Unexpected features of GC-AG introns in long non-coding and protein-coding genes suggest a new role as regulatory elements

Long non-coding (lnc) RNAs are today recognized as a new class of regulatory molecules despite very little is known about their functions in the cell. Due to their overall low level of expression and tissue-specificity, their identification and annotation in many genomes remains challenging. In this study, we exploited recent annotations provided by the GENCODE project to characterize the genomic and splicing features of lnc-genes in comparison to protein-coding (pc) ones, both in human and mouse. Our analysis highlighted slight differences between the two classes of genes in terms of genome organization and gene architecture. Significant differences in the splice sites usage were observed between lnc- and pc-genes. While the frequency of non-canonical GC-AG splice junctions represents about 0.8% of total splice sites in pc-genes, we identified a remarkable enrichment of the GC-AG splice sites in lnc-genes, both in human (3.0%) and mouse (1.9%).
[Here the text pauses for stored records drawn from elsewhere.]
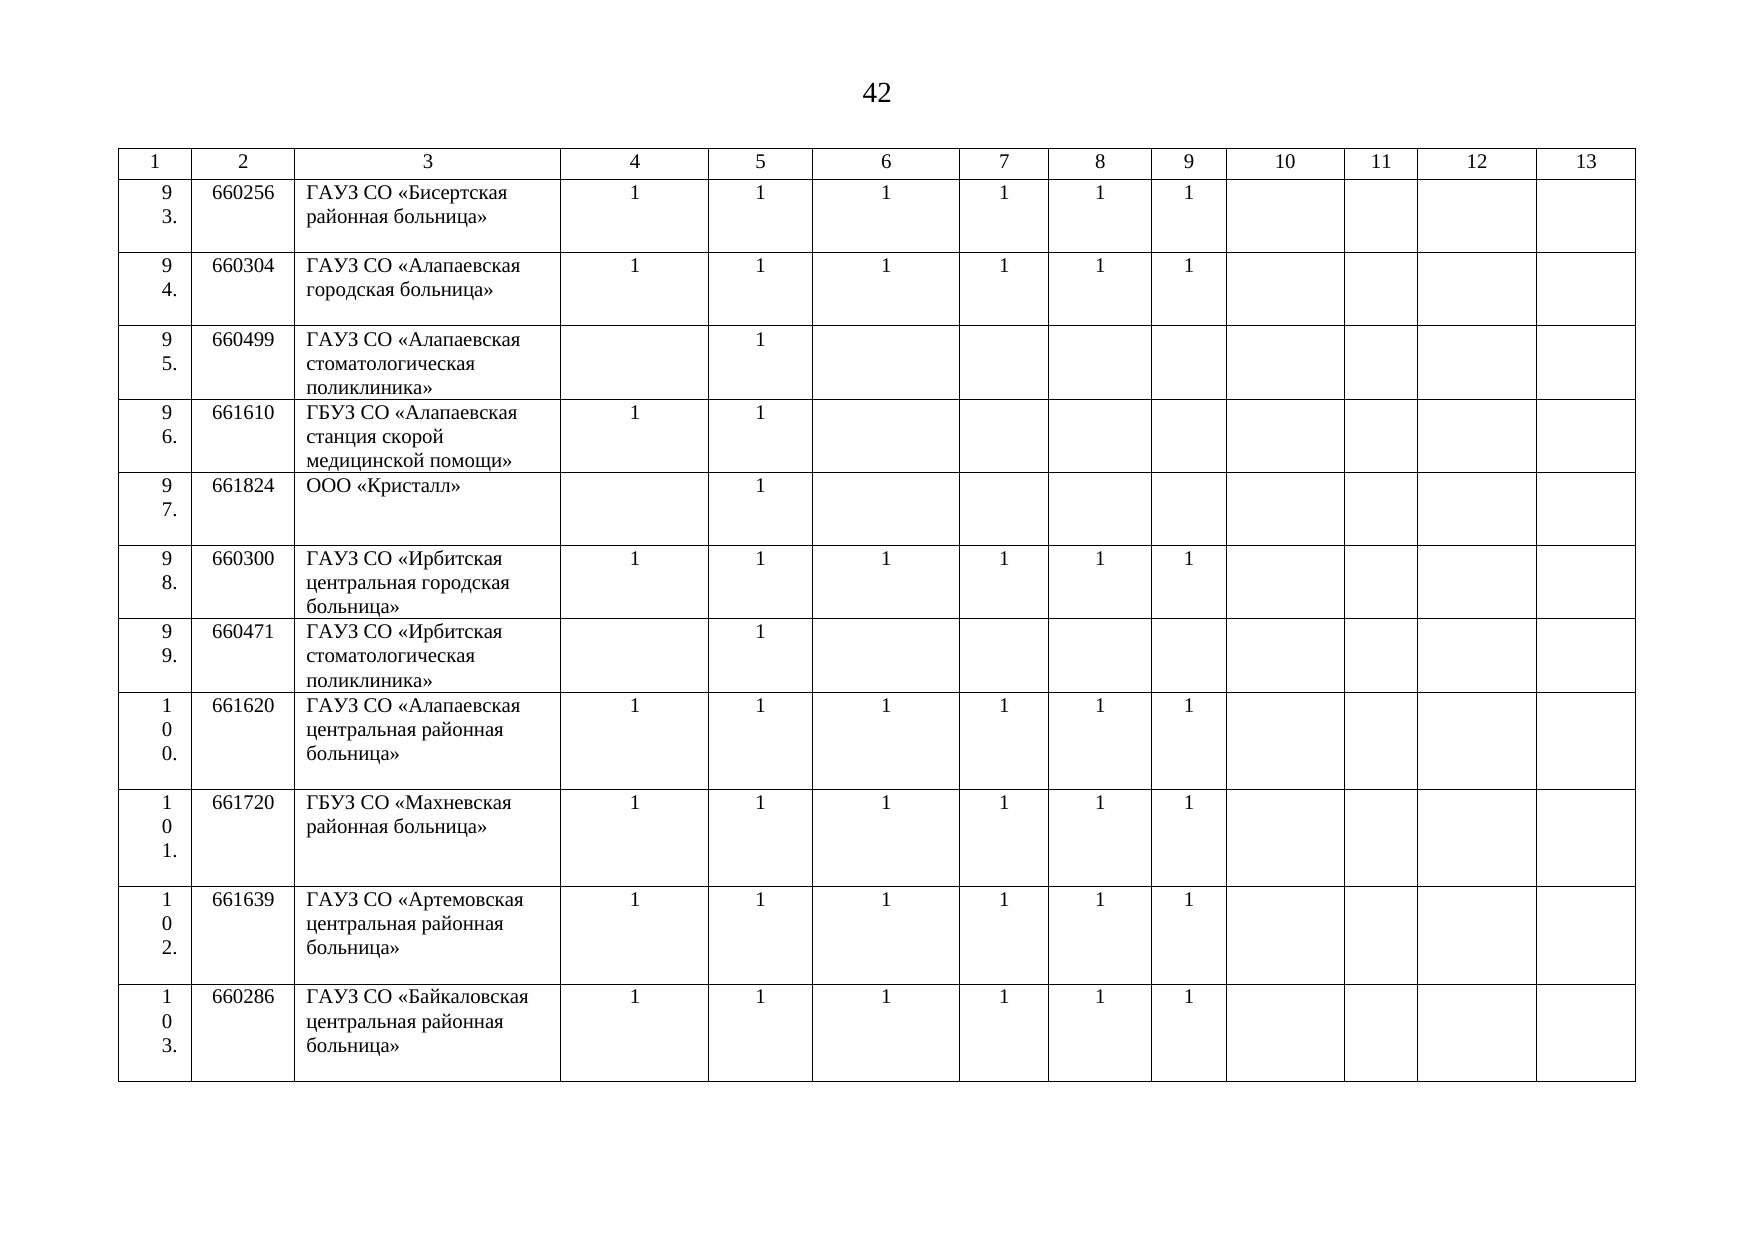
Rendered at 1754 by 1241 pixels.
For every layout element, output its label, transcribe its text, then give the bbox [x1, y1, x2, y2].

table_cell ГАУЗ СО «Байкаловская центральная районная больница» [295, 985, 560, 1081]
table_cell [1418, 546, 1536, 618]
table_cell 660304 [192, 253, 294, 325]
table_cell [1152, 326, 1226, 399]
table_cell [119, 546, 191, 618]
table_cell [1345, 326, 1417, 399]
table_cell [119, 400, 191, 472]
table_cell [1227, 253, 1344, 325]
table_cell [1345, 473, 1417, 545]
table_cell 1 [709, 400, 812, 472]
table_cell 660471 [192, 619, 294, 692]
table_cell [1418, 473, 1536, 545]
table_cell [1049, 619, 1151, 692]
table_header 13 [1537, 149, 1635, 179]
table_cell 1 [561, 790, 708, 886]
table_cell [1537, 400, 1635, 472]
table_cell 1 [709, 887, 812, 983]
table_cell 1 [561, 693, 708, 789]
table_cell [1418, 693, 1536, 789]
table_cell 1 [813, 887, 959, 983]
table_cell 1 [1049, 790, 1151, 886]
table_cell ООО «Кристалл» [295, 473, 560, 545]
table_cell 1 [1152, 546, 1226, 618]
table_header 8 [1049, 149, 1151, 179]
table_cell 1 [1152, 180, 1226, 252]
table_cell [1227, 790, 1344, 886]
table_cell [1345, 546, 1417, 618]
table_cell 661639 [192, 887, 294, 983]
table_cell [119, 619, 191, 692]
table_cell [1537, 253, 1635, 325]
table_cell 1 [960, 985, 1048, 1081]
table_cell [1049, 326, 1151, 399]
table_header 10 [1227, 149, 1344, 179]
table_cell [1227, 619, 1344, 692]
table_cell [119, 326, 191, 399]
table_cell 1 [813, 253, 959, 325]
table_cell [119, 693, 191, 789]
table_cell 1 [709, 473, 812, 545]
table_cell 661720 [192, 790, 294, 886]
table_cell [1537, 180, 1635, 252]
table_cell [1345, 180, 1417, 252]
table_cell [561, 619, 708, 692]
table_cell ГАУЗ СО «Алапаевская городская больница» [295, 253, 560, 325]
table_cell 1 [1049, 546, 1151, 618]
table_cell 1 [1049, 693, 1151, 789]
table_cell 1 [709, 253, 812, 325]
table_cell ГАУЗ СО «Артемовская центральная районная больница» [295, 887, 560, 983]
table_cell 1 [709, 619, 812, 692]
table_cell [561, 326, 708, 399]
table_cell [1537, 326, 1635, 399]
table_header 1 [119, 149, 191, 179]
table_cell [1418, 180, 1536, 252]
table_cell [1227, 887, 1344, 983]
table_cell [1345, 253, 1417, 325]
table_header 2 [192, 149, 294, 179]
table_cell 661610 [192, 400, 294, 472]
table_cell 661824 [192, 473, 294, 545]
table_cell [813, 326, 959, 399]
table_cell 1 [960, 546, 1048, 618]
table_cell 1 [1049, 887, 1151, 983]
table_cell 1 [960, 253, 1048, 325]
table_cell [960, 326, 1048, 399]
table_cell [1418, 253, 1536, 325]
table_cell ГАУЗ СО «Бисертская районная больница» [295, 180, 560, 252]
table_header 7 [960, 149, 1048, 179]
table_cell [1227, 326, 1344, 399]
table_cell [1227, 693, 1344, 789]
table_cell [1537, 790, 1635, 886]
table_cell 1 [1152, 790, 1226, 886]
table_cell 1 [960, 790, 1048, 886]
table_cell [1418, 326, 1536, 399]
table_header 11 [1345, 149, 1417, 179]
table_cell 1 [1049, 985, 1151, 1081]
table_header 4 [561, 149, 708, 179]
table_cell 660300 [192, 546, 294, 618]
table_cell 1 [1049, 253, 1151, 325]
table_cell 1 [960, 693, 1048, 789]
table_cell 1 [561, 180, 708, 252]
table_cell [1537, 546, 1635, 618]
table_cell [1537, 887, 1635, 983]
table_cell [1418, 985, 1536, 1081]
table_cell 1 [561, 253, 708, 325]
table_header 9 [1152, 149, 1226, 179]
table_cell 1 [561, 887, 708, 983]
table_cell [1345, 790, 1417, 886]
table_cell 1 [709, 693, 812, 789]
table_cell [119, 473, 191, 545]
table_cell [1418, 400, 1536, 472]
table_cell 1 [1152, 985, 1226, 1081]
table_cell [1345, 887, 1417, 983]
table_cell [1227, 473, 1344, 545]
table_cell ГАУЗ СО «Ирбитская центральная городская больница» [295, 546, 560, 618]
table_cell ГАУЗ СО «Алапаевская центральная районная больница» [295, 693, 560, 789]
table_cell [119, 790, 191, 886]
table_cell ГАУЗ СО «Алапаевская стоматологическая поликлиника» [295, 326, 560, 399]
table_cell [1345, 619, 1417, 692]
table_cell 1 [709, 790, 812, 886]
table_cell 1 [709, 546, 812, 618]
table_cell 1 [561, 546, 708, 618]
table_cell 1 [813, 790, 959, 886]
table_cell 1 [709, 985, 812, 1081]
table_cell 1 [813, 985, 959, 1081]
table_cell 1 [960, 887, 1048, 983]
table_cell 1 [1049, 180, 1151, 252]
table_cell 660256 [192, 180, 294, 252]
table_cell [1152, 473, 1226, 545]
table_cell 1 [960, 180, 1048, 252]
table_cell 1 [813, 546, 959, 618]
table_cell ГБУЗ СО «Махневская районная больница» [295, 790, 560, 886]
table_cell [1537, 985, 1635, 1081]
table_cell [119, 985, 191, 1081]
table_cell [1537, 693, 1635, 789]
table_cell 660499 [192, 326, 294, 399]
table_cell 661620 [192, 693, 294, 789]
table_cell ГАУЗ СО «Ирбитская стоматологическая поликлиника» [295, 619, 560, 692]
table_cell ГБУЗ СО «Алапаевская станция скорой медицинской помощи» [295, 400, 560, 472]
table_cell [1152, 400, 1226, 472]
table_cell [1227, 400, 1344, 472]
table_cell 1 [1152, 887, 1226, 983]
table_cell 1 [813, 693, 959, 789]
table_cell [119, 180, 191, 252]
table_cell [1537, 473, 1635, 545]
table_cell [813, 400, 959, 472]
table_header 3 [295, 149, 560, 179]
table_cell [1345, 693, 1417, 789]
table_cell [1049, 473, 1151, 545]
table_cell 1 [561, 985, 708, 1081]
table_cell [1418, 619, 1536, 692]
table_cell [1418, 887, 1536, 983]
table_cell [960, 400, 1048, 472]
table_cell [813, 473, 959, 545]
table_cell [1049, 400, 1151, 472]
table_cell 1 [709, 180, 812, 252]
table_cell [813, 619, 959, 692]
table_header 5 [709, 149, 812, 179]
table_header 12 [1418, 149, 1536, 179]
table_cell [119, 253, 191, 325]
table_cell [1152, 619, 1226, 692]
table_cell [1227, 546, 1344, 618]
table_cell [119, 887, 191, 983]
table_cell [960, 619, 1048, 692]
table_cell [1345, 400, 1417, 472]
table_cell [1345, 985, 1417, 1081]
table_cell [1227, 985, 1344, 1081]
table_cell 660286 [192, 985, 294, 1081]
table_cell [561, 473, 708, 545]
table_cell 1 [1152, 253, 1226, 325]
table_header 6 [813, 149, 959, 179]
table_cell [1227, 180, 1344, 252]
table_cell [1537, 619, 1635, 692]
table_cell [960, 473, 1048, 545]
table_cell 1 [813, 180, 959, 252]
table_cell 1 [561, 400, 708, 472]
table_cell 1 [709, 326, 812, 399]
table_cell 1 [1152, 693, 1226, 789]
table_cell [1418, 790, 1536, 886]

In addition, we found a positional bias of GC-AG splice sites being enriched in the first intron in both classes of genes. Moreover, a significant shorter length and weaker splice sites were found comparing GC-AG introns with the canonical GT-AG introns. The computational analysis of GC-AG splice sites strength revealed a strong reduction in both the donor and the acceptor splice sites scores especially in lnc first intron in both species. Genes containing at least one GC-AG intron were found conserved in many species and a functional enrichment analysis pointed toward their enrichment in specific biological processes. Furthermore, as previously suggested, GC-AG-containing genes were shown to be more prone to alternative splicing. Taken together, our study suggested that GC-AG introns could represent new regulatory elements mainly associated with lnc-genes.